Potential new target for drugs to treat iron deficiency and overload discovered
The discovery of a major player in the body's regulation of iron levels should provide a new target for drugs that prevent common iron deficiency as well as rare, potentially deadly iron overload, researchers said.
Medical College of Georgia researchers noted in the online edition of Blood that the protein neogenin, a receptor that aids in neural development, is also part of the body's interwoven regulatory process for iron. The receptor, located on the cell surface, should be an easy target for drug development to help increase or decrease iron levels as needed, said Dr. Wen-Cheng Xiong, the study's corresponding author and a developmental neurobiologist at the Medical College of Georgia Schools of Medicine and Graduate Studies.
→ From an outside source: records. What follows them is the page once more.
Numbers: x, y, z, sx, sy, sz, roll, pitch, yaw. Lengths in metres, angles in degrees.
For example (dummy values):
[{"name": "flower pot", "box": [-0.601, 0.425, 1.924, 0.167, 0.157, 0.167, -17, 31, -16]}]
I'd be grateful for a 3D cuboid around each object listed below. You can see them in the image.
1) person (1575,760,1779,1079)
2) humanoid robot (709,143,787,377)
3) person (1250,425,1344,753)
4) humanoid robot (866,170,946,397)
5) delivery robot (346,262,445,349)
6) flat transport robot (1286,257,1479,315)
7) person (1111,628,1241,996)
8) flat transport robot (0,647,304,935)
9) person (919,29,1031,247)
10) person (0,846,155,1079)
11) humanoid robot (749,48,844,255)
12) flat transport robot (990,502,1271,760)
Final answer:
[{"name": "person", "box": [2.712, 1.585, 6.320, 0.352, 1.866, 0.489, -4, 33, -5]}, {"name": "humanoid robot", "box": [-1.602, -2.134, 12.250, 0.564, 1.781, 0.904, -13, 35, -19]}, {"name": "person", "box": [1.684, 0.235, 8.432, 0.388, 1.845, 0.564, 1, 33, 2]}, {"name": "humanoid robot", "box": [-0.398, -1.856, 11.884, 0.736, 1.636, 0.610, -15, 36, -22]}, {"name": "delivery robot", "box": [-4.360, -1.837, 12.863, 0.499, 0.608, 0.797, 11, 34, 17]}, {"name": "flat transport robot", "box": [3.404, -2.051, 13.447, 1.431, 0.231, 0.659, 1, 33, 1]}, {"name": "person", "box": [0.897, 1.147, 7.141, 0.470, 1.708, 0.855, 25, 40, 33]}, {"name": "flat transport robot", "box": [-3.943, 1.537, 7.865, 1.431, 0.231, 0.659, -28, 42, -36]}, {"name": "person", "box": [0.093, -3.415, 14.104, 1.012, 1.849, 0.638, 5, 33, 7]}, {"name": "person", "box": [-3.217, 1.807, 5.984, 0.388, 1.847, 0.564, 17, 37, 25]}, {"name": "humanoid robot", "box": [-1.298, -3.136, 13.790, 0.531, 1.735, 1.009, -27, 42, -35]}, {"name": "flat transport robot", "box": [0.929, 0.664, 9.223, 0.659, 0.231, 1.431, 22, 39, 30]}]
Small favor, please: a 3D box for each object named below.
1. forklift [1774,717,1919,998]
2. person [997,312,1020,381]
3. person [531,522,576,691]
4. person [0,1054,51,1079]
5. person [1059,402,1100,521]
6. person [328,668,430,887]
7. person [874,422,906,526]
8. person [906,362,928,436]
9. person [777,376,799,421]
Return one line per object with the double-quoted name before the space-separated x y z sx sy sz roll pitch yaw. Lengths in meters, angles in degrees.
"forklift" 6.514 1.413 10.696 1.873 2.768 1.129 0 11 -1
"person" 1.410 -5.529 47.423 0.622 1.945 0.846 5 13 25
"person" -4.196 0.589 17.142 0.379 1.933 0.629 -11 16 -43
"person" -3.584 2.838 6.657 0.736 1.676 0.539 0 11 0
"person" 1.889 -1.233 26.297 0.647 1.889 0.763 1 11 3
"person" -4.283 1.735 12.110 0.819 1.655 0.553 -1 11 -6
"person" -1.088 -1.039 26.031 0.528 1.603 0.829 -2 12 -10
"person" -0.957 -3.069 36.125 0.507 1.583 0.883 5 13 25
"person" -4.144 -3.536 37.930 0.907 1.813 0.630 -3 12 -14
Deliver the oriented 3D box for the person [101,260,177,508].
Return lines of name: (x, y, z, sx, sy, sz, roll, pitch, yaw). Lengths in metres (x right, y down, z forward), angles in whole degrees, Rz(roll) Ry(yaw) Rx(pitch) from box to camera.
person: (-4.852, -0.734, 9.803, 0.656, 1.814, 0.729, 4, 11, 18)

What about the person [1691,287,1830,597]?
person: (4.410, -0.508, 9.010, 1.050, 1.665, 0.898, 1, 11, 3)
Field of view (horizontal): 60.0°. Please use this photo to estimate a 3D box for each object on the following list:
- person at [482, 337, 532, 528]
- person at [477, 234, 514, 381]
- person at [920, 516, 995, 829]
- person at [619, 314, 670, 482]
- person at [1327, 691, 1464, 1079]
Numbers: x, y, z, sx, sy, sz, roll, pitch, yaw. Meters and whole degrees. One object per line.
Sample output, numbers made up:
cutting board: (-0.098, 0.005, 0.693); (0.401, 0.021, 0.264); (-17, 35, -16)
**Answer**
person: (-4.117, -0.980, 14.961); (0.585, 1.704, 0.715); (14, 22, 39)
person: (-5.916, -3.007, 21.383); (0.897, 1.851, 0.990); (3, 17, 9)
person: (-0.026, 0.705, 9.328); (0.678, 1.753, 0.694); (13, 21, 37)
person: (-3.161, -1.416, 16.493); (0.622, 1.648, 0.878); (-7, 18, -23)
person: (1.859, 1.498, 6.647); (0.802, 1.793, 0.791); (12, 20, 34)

Iron, an essential nutrient in foods such as meats, beans and spinach, is used by all cells but primarily helps red blood cells deliver oxygen throughout the body. However, in some individuals, low levels cause iron deficiency-anemia while genetic diseases such as juvenile hemochromatosis or blood transfusions can result in toxic levels of iron in the body.
In the brain, neogenin works with other molecules to heard neurons in the right direction. One of those molecules, repulsive guidance molecules, or RGMs, are already known to help regulate iron levels, which led MCG researchers to suspect neogenin had a role as well.
Studies in mice showed neogenin inhibits secretion of an RGM gene called hemojuvelin. That reduces the signaling of a protein that reduces expression of hepcidin, a hormone released by the liver to control circulating iron levels by storing it in the spleen until it is needed and directing the intestines on how much iron to absorb or eliminate. In cells in culture, researchers consistently found that increased expression of hemojuvelin increases hepcidin expression while suppression decreases it.
Next steps include determining whether neogenin expression is up or down in patients with iron-related issues such as anemia or juvenile hemochromatosis.
"If that is verified, drugs to stimulate or inhibit neogenin would be useful," Dr. Xiong said. She predicts that neogenin expression will be increased in patients with iron deficiency anemia and decreased in iron-overload conditions.